When you create a room, a unique ID is generated and embedded into a shareable link. Your friend opens that link, both browsers handshake, and from that point every move is sent directly between devices.
// Host creates a room
const peer = new Peer(roomId);
peer.on('connection', conn => {
// Send initial game config to guest
conn.send({ type: 'init', cfg, mySlot: 1 });
});
// Guest joins
const conn = peer.connect(roomId);
conn.on('data', data => {
if (data.type === 'init') startOnlineGame(data.cfg);
if (data.type === 'move') applyRemoteMove(data.line);
});// Sending a move
conn.send({ type: 'move', line: { t: 'h', r: 2, c: 1 } });
The connection stays alive through restarts and the results screen. If you click Leave it asks for confirmation first so your friend does not get disconnected by accident.
Computer opponent
Three difficulty levels. Easy picks randomly. Medium takes any completing move and avoids gifting boxes. Hard does both and favors the center of the board for maximum control.
function aiMove() {
const moves = allMoves();
// Always take a completing move if available
const winning = moves.filter(completesBox);
if (winning.length) return winning[0]; // Avoid giving opponent an easy box
const safe = moves.filter(m => !givesBox(m));
const pool = safe.length ? safe : moves; // Hard: prefer centre of board
if (difficulty === 'hard') {
const mid = (G - 1) / 2;
pool.sort((a, b) =>
Math.hypot(a.r - mid, a.c - mid) -
Math.hypot(b.r - mid, b.c - mid)
);
return pool[0];
} return pool[Math.floor(Math.random() * pool.length)];
}
Results and sharing
When the game ends, a result card is generated with both player names, scores, board size, and total moves.

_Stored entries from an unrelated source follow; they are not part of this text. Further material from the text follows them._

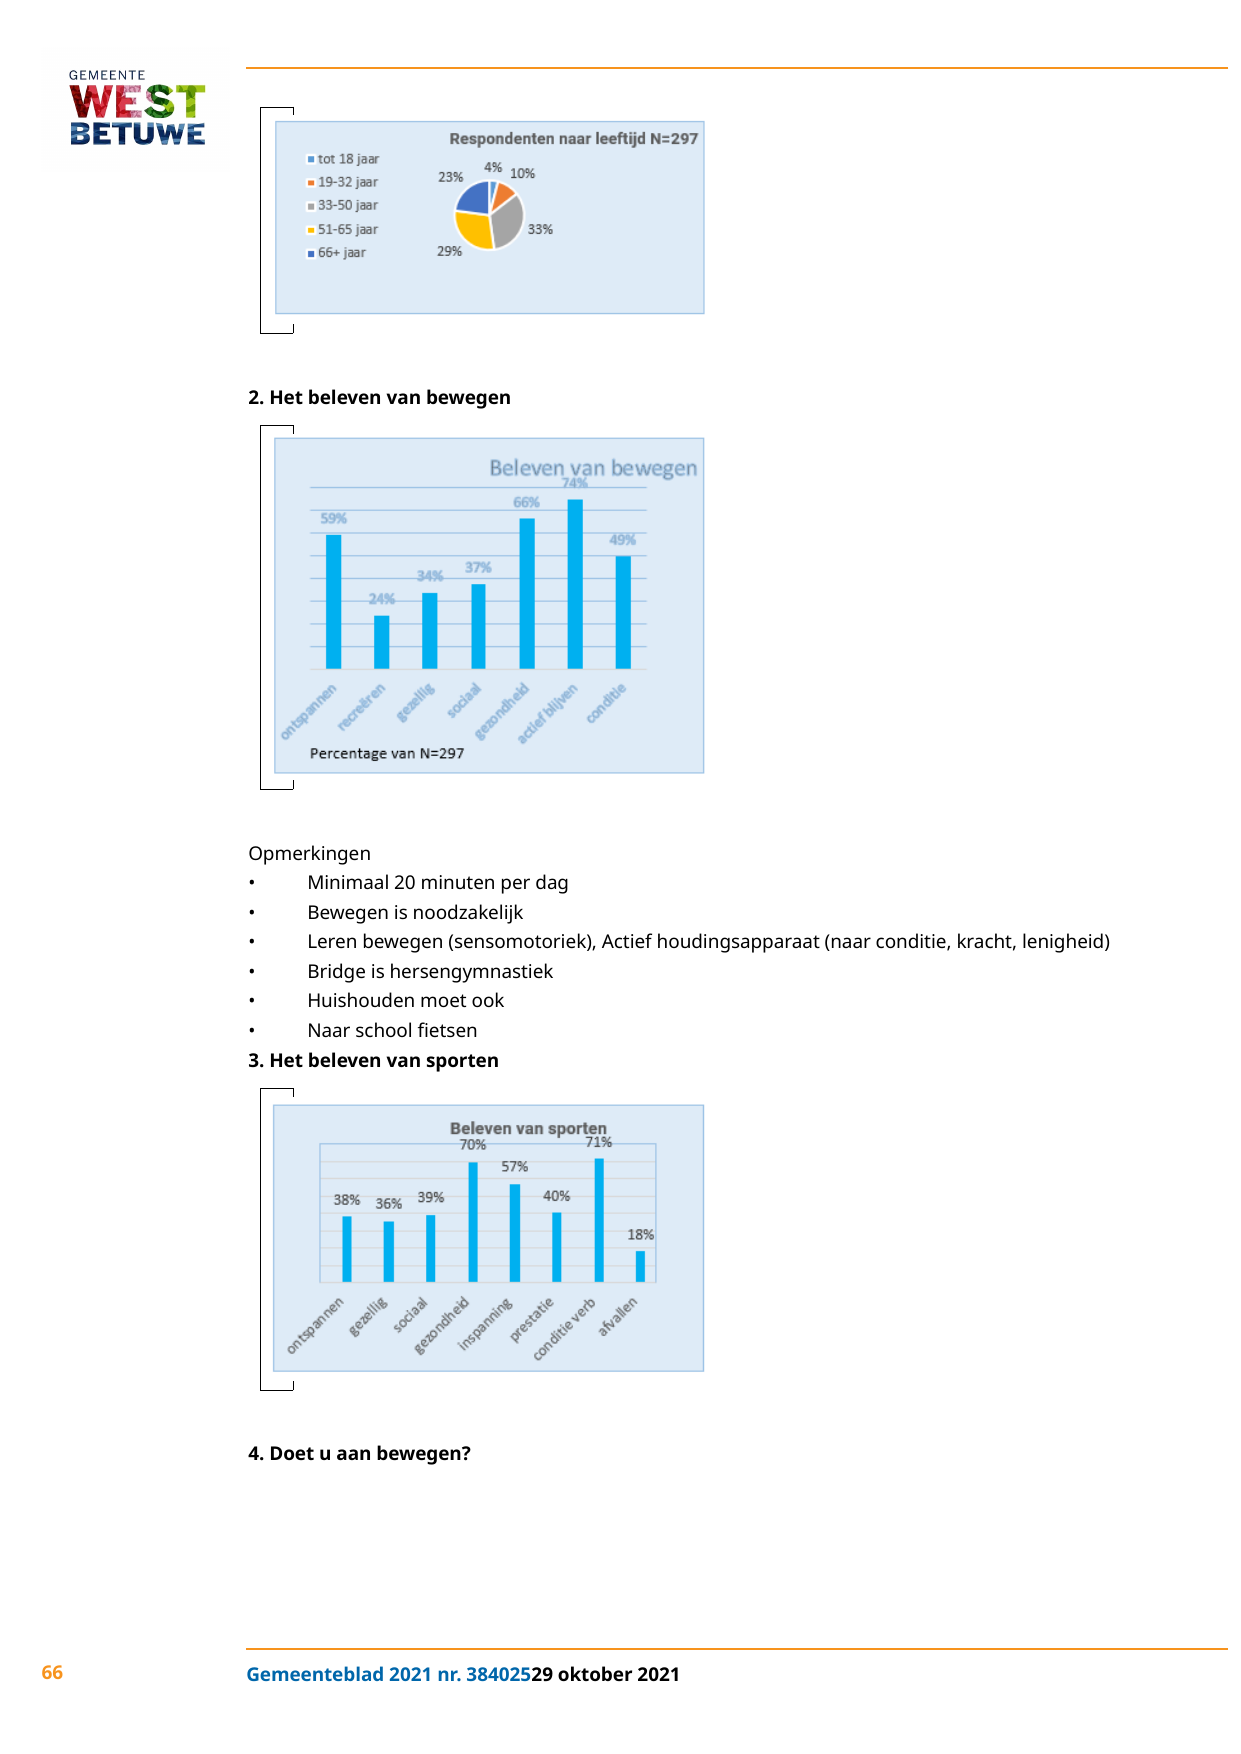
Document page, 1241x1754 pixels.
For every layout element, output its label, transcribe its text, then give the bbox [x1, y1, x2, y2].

list Bewegen is noodzakelijk [248, 899, 1152, 925]
text 2. Het beleven van bewegen [248, 384, 1152, 410]
text Opmerkingen [248, 840, 1152, 866]
list Huishouden moet ook [248, 988, 1152, 1013]
picture [268, 115, 712, 324]
picture [268, 434, 712, 780]
list Leren bewegen (sensomotoriek), Actief houdingsapparaat (naar conditie, kracht, lenigheid) [248, 928, 1152, 954]
text 3. Het beleven van sporten [248, 1047, 1152, 1073]
list Minimaal 20 minuten per dag [248, 869, 1152, 895]
list Naar school fietsen [248, 1017, 1152, 1043]
picture [41, 47, 231, 172]
picture [268, 1097, 712, 1381]
text 4. Doet u aan bewegen? [248, 1441, 1152, 1466]
list Bridge is hersengymnastiek [248, 958, 1152, 984]
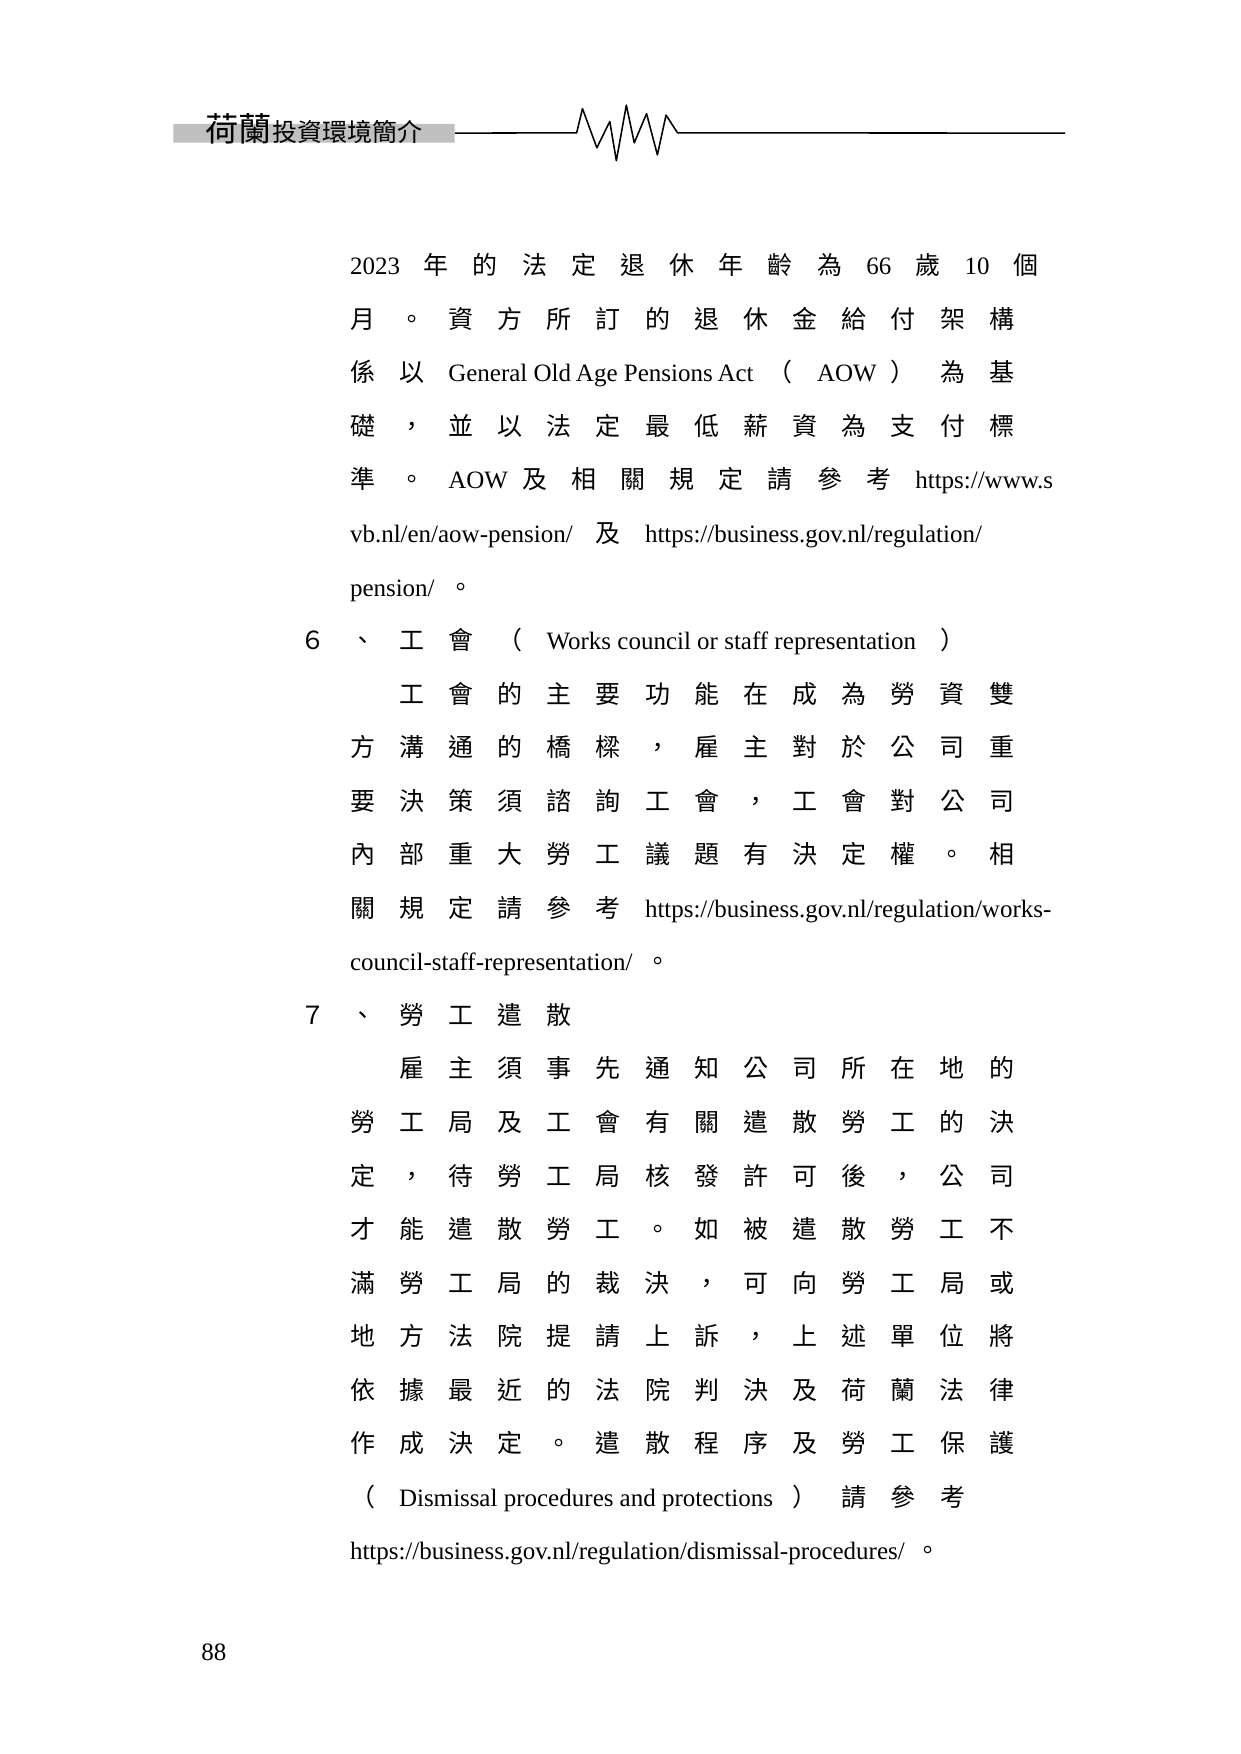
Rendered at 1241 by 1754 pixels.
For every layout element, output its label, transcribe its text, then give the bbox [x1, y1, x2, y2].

One tap copies it, shares it to WhatsApp, or posts it to Twitter.
const result =
`🎮 Dots & Boxes Result
─────────────────
${p0.av} ${p0.name}: ${s0} boxes
${p1.av} ${p1.name}: ${s1} boxes
─────────────────
${winner} · ${G}×${G} grid · ${totalMoves} moves`;
// Share to WhatsApp
window.open('https://wa.me/?text=' + encodeURIComponent(result));
It is the same game. Same rules, same tension, same joy when you trap your opponent into giving you three boxes in a row. My wife still beat me, by the way. Some things never change.
I built this for all of us. It is free. Go play it and tell me if it brought back any memories.
Go send it to someone you used to pass a notebook with. See if they still have it in them.